Bulbs such as tulips, daffodils, hyacinths and crocuses can all be brought into bloom earlier than normal. Since time spans from planting to blooming will differ from bulb to bulb, it’s important not to mix varieties in the same container. Also, only top-quality, good- sized bulbs should be used.

 

Planting

In a plastic or clay pot, plant your bulbs in a mixture of three parts garden loam, two parts peat moss and one part sand, leaving about 1’ of space at the top of the pot. The pointed ends of the bulbs should remain exposed.
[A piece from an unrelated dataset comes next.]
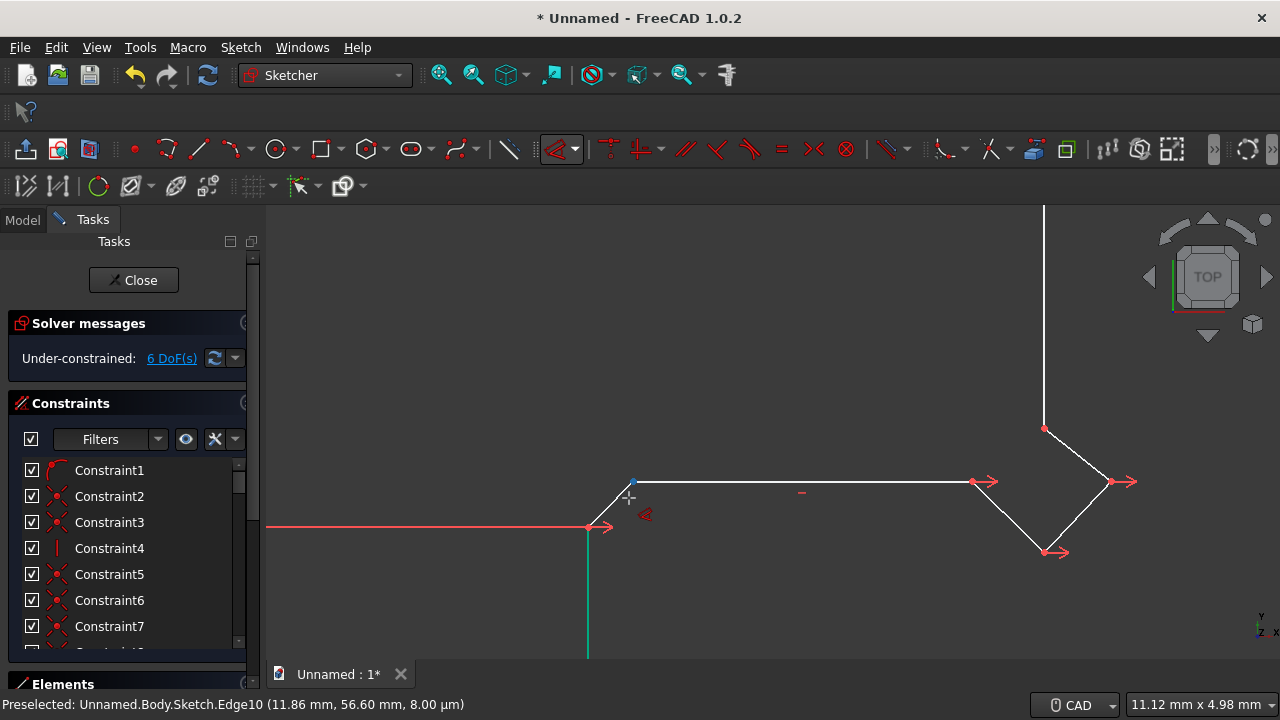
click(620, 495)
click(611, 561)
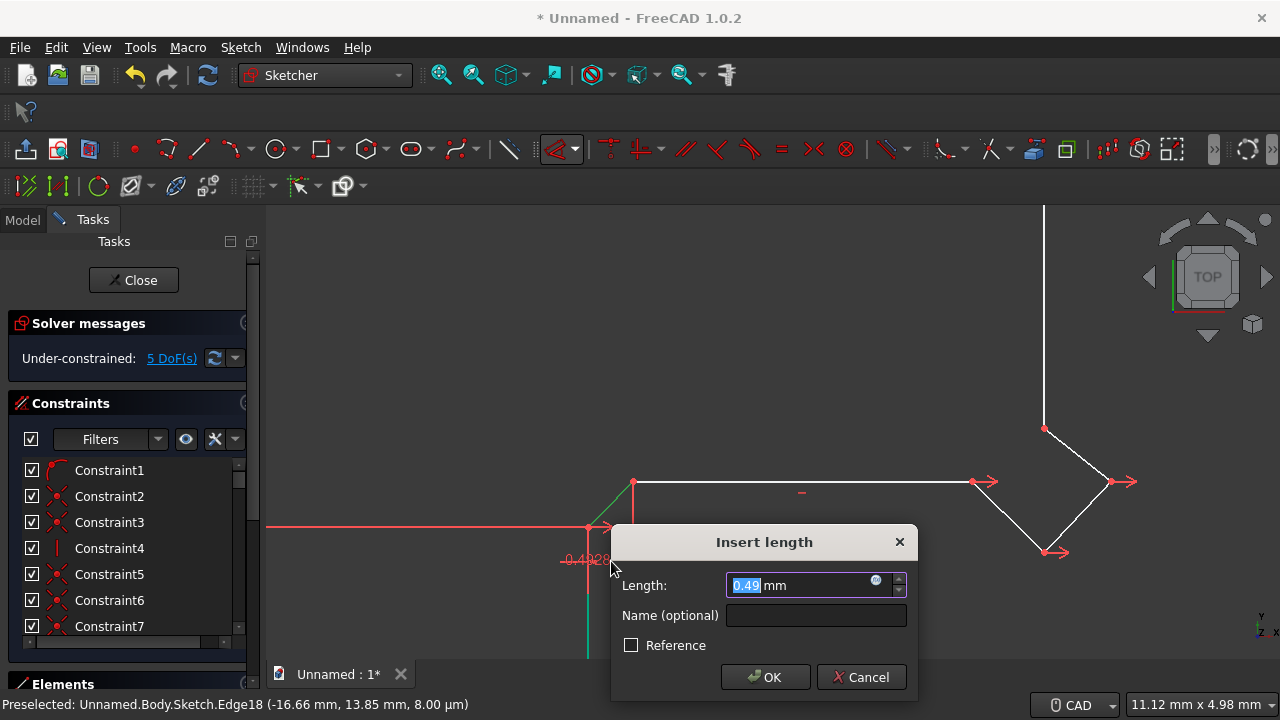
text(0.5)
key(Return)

As a rule of thumb, sex tulips, sex daffodils, three hyacinths or 15 crocuses will fit a 6’ pot.  Water the bulbs immediately after planting, and be sure that the soil stays moist afterward.

Cold Treatment

Once planted, your bulbs will need to be kept in a cool (35 to 48 degrees F), dark location for a minimum of 12 weeks (an unheated cellar works well). Remember to keep soil moist, since developing roots can dry out and die quickly.

Forcing

As soon as the shoots reach 3’ or 4’ in height, move your pots into bright, indirect light for three or four days. Then, move the pots into direct sunlight until the flowers bloom, at which point they should be moved back to indirect light. You can extend blooming periods by keeping the roots moist and moving the pots to a cool spot at night.

 

For a continuous supply of flowers, try plating your bulbs at weekly intervals, bringing just a few pots at a time out of cold treatment. Enjoy!